Category Archives: Research

My algorithm is new. I'm going to publish it.

I have not found any sources that already discovered my online manifold learning technique, so I am going to write up a paper for it and submit it for publication in a journal. It might take a year for that as well, but I suppose there’s nothing I can do about it.

Ordinarily, I wouldn’t publish it at all, as I don’t particularly like playing that game, but this is something worth disseminating.

Turnaround time

We have finally submitted the journal paper.

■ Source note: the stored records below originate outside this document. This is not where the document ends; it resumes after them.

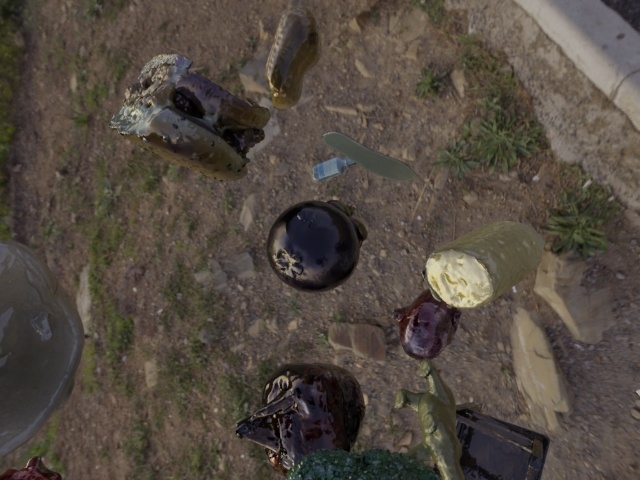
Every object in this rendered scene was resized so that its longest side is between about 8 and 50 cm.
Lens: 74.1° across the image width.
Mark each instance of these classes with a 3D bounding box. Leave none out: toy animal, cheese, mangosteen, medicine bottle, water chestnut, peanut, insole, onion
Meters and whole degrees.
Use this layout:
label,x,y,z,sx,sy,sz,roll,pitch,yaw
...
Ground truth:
label,x,y,z,sx,sy,sz,roll,pitch,yaw
toy animal,0.195,0.322,0.715,0.103,0.101,0.218,-49,18,32
cheese,0.250,0.033,0.649,0.123,0.167,0.093,-4,104,51
mangosteen,0.000,0.000,0.862,0.194,0.230,0.194,19,128,27
medicine bottle,0.062,-0.329,1.905,0.209,0.054,0.090,-16,58,22
water chestnut,-0.037,0.404,0.969,0.244,0.289,0.289,37,92,-4
peanut,-0.066,-0.433,1.023,0.110,0.120,0.236,35,121,32
insole,0.069,-0.114,0.588,0.053,0.153,0.002,-22,51,53
onion,0.248,0.172,0.978,0.151,0.098,0.205,22,47,13

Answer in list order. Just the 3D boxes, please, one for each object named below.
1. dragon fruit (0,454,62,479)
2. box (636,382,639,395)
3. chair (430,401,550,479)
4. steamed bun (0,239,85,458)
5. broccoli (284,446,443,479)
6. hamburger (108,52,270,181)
label,x,y,z,sx,sy,sz,roll,pitch,yaw
dragon fruit,-0.561,0.628,0.913,0.228,0.286,0.328,-18,81,-21
box,0.775,0.255,0.875,0.067,0.243,0.155,54,138,19
chair,0.429,0.541,1.052,0.241,0.416,0.202,13,83,38
steamed bun,-0.555,0.203,0.725,0.247,0.236,0.383,-7,60,42
broccoli,0.041,0.327,0.371,0.270,0.269,0.270,16,60,26
hamburger,-0.261,-0.248,0.893,0.318,0.277,0.195,24,89,52
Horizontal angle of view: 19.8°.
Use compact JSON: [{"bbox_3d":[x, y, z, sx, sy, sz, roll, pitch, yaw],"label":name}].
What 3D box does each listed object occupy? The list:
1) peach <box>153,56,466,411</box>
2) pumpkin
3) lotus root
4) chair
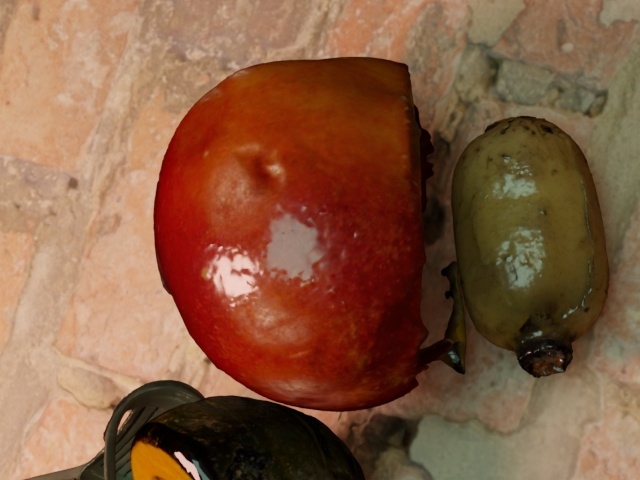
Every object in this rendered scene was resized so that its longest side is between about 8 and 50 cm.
[{"bbox_3d":[-0.017,-0.010,1.939,0.310,0.335,0.406,-8,57,6],"label":"peach"},{"bbox_3d":[-0.048,0.299,1.923,0.232,0.325,0.242,-25,40,-24],"label":"pumpkin"},{"bbox_3d":[0.224,0.007,1.951,0.160,0.146,0.284,-19,65,31],"label":"lotus root"},{"bbox_3d":[-0.240,0.299,2.047,0.274,0.203,0.191,-28,56,20],"label":"chair"}]
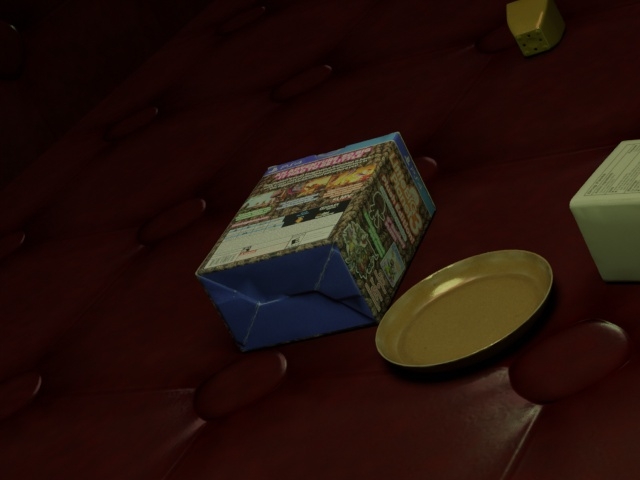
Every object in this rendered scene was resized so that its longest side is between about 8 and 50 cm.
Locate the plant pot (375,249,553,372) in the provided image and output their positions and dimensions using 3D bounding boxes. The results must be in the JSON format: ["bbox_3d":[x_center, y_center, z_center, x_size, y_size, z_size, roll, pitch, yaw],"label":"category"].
[{"bbox_3d":[0.181,0.092,1.760,0.236,0.032,0.236,-24,23,11],"label":"plant pot"}]

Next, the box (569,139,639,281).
[{"bbox_3d":[0.459,-0.039,1.612,0.311,0.121,0.148,-1,35,47],"label":"box"}]

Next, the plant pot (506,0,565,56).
[{"bbox_3d":[0.368,-0.364,2.447,0.081,0.081,0.083,-15,37,27],"label":"plant pot"}]

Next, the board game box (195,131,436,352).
[{"bbox_3d":[0.000,0.000,2.010,0.232,0.141,0.291,-14,27,30],"label":"board game box"}]
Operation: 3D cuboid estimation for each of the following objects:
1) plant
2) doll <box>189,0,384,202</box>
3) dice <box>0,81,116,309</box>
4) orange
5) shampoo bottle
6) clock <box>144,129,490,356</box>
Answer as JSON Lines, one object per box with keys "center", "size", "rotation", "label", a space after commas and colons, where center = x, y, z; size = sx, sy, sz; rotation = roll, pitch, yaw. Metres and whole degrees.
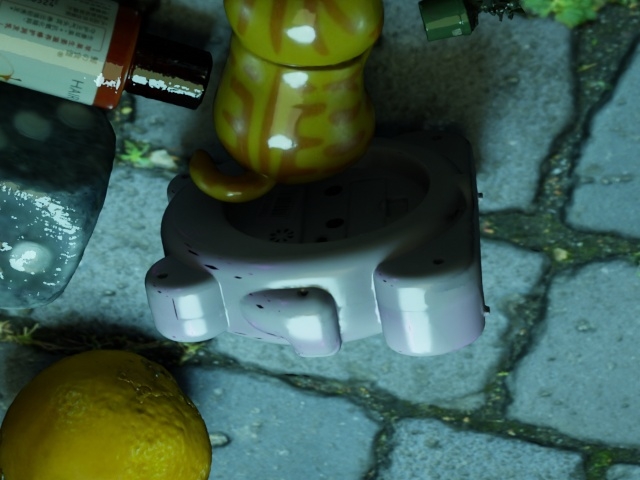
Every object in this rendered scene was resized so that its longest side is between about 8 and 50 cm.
{"center": [0.147, -0.224, 1.667], "size": [0.102, 0.051, 0.051], "rotation": [-15, 129, 1], "label": "plant"}
{"center": [-0.024, -0.178, 1.646], "size": [0.166, 0.162, 0.269], "rotation": [14, 121, 10], "label": "doll"}
{"center": [-0.317, -0.052, 1.748], "size": [0.183, 0.182, 0.181], "rotation": [19, 130, -12], "label": "dice"}
{"center": [-0.248, 0.246, 1.962], "size": [0.246, 0.246, 0.246], "rotation": [1, 131, 2], "label": "orange"}
{"center": [-0.242, -0.190, 1.676], "size": [0.278, 0.104, 0.104], "rotation": [15, 130, -10], "label": "shampoo bottle"}
{"center": [0.000, 0.000, 1.704], "size": [0.322, 0.295, 0.113], "rotation": [-5, 122, 6], "label": "clock"}

We can expect to hear back… oh, probably in about a year.

Just think – the state of the art is constantly at least one year behind simply due to the turnaround time of research journals!

Researcher's Golden Rule no. 2

These rules are good research conventions that I’ve adopted based on both their intuitive appeal and the observed consequences of not applying them. The first is “it always needs more study”, which refers both to the perfectionism that can keep people from ever accomplishing anything as well as the convention of stating this in papers. I only intended one, but then I realized that there are a number of unstated rules that lead to good research productivity. That said, the second can be given as follows:

“Don’t be sloppy.”

The methodology / algorithm should be clean and easy to understand. So should the way the data is formatted. Make sure that the function of each file is immediately clear and that the entry point to running the experiments is easy to spot (something like run_classification_experiments.m is a good idea). Program generically, as your dataset and analysis will probably change at some point. Don’t program only for yourself, because at some point, someone else is going to need to run your analysis. That person will not think highly of you if you make his life difficult. Don’t program unless you know how to program well; it is a vital skill in computer science research and you should be as proficient in it as a professional programmer would be.

I spent the majority of this weekend wrapping data up from over a thousand different .hdr / .img files into one matlab “data” structure. The fields of the structure correspond to properties of the data. For example:

data.Source //”DVD 1″
data.task //”Left Squeeze”
data.subject //”John Doe”
data.volume //Raw image data.
data.foregroundIndices //Indices into volume that represent foreground voxels.
data.wavelets //Wavelet descriptors of the volume.

etc.

This is neat. Any researcher just joining the project could easily follow what is going on in this structure.

Fractional Tensor Modes

Today’s random thought: tensors have an integer rank, but what would happen if we extended the notion of a rank into the entire domain of reals (or even to complex numbers)? What would it mean for a tensor to have a rank of 2.5? Would the tensor have a fractal structure? What about a tensor of rank i?

Not the sort of question I have the time to chase, but an interesting one.

Dissertation – Week 4

I’m playing catch-up from last week, due to the hefty machine learning workload I was given then. I’ve finished my 10 pages for this week, so the remainder is simply make-up work.

I’m done with the background, though I’ve just decided to add CUR and CANDECOMP to the mix. I’m performing the wavelet experiments now; with luck we will be able to apply tensors to them after this week is over. I also found a few problems with the way SVD is described in our grant proposal; I’ve made sure to avoid replicating those mistakes in my paper.

The paper is starting to get very… verbose. But I guess that’s to be expected after writing 30 pages on something that really doesn’t need it.

On the upside, I’m more than 1/5 of the way done, according to the number of pages I’ve written. Yay 🙂

Manifold learning in AI

Manifold learning techniques such as SDE have the ability to extract data from a high dimensional space and describe it in terms of its degrees of freedom. Thus low level concepts such as “collection of pixels” become integrated into higher-level concepts such as “teapot rotated at this angle”.

In other words, this is how you teach a system abstraction. Thus, use of something of this nature may be a necessary component of an artificially intelligent system. The only problem is that current methods may be computationally infeasible for this use. Of course, approximation would be a good idea here.

"Fit", "Broader Impacts"

The world would be a much better place if everyone stopped worrying about whether ideas “fit” the purposes of their specific organization / community and simply accepted them on their perceived merit (again, my philosophy holds that the absolute merit of an idea is inestimable).

And I’d love it if I could stop having to explain how my theoretical computer science research helps every minority under the sun (but not white males; that’s taboo). First of all, it’s very difficult to explain how developing a streaming kernel PCA algorithm helps starving children in Africa. Second, my research ultimately helps everyone (by adding to knowledge, which can then be used in all sorts of ways) or no one (if nothing is ever developed on them). Which is the case depends entirely on how these ideas are used.

If these things are more important than the quality of the research, it’s no wonder the USA is losing its technical edge!

Streaming Semidefinite Embedding

I’m posting this just for the purpose of timestamping. Today I proposed an idea to stream kernel learning techniques such as semidefinite embedding. The trick is to pass minors one row and column at a time (actually, the matrix is symmetric, so just one row) and update using incremental kernel PCA. This results in an algorithm that only needs to store N elements in memory at a time rather than N^2.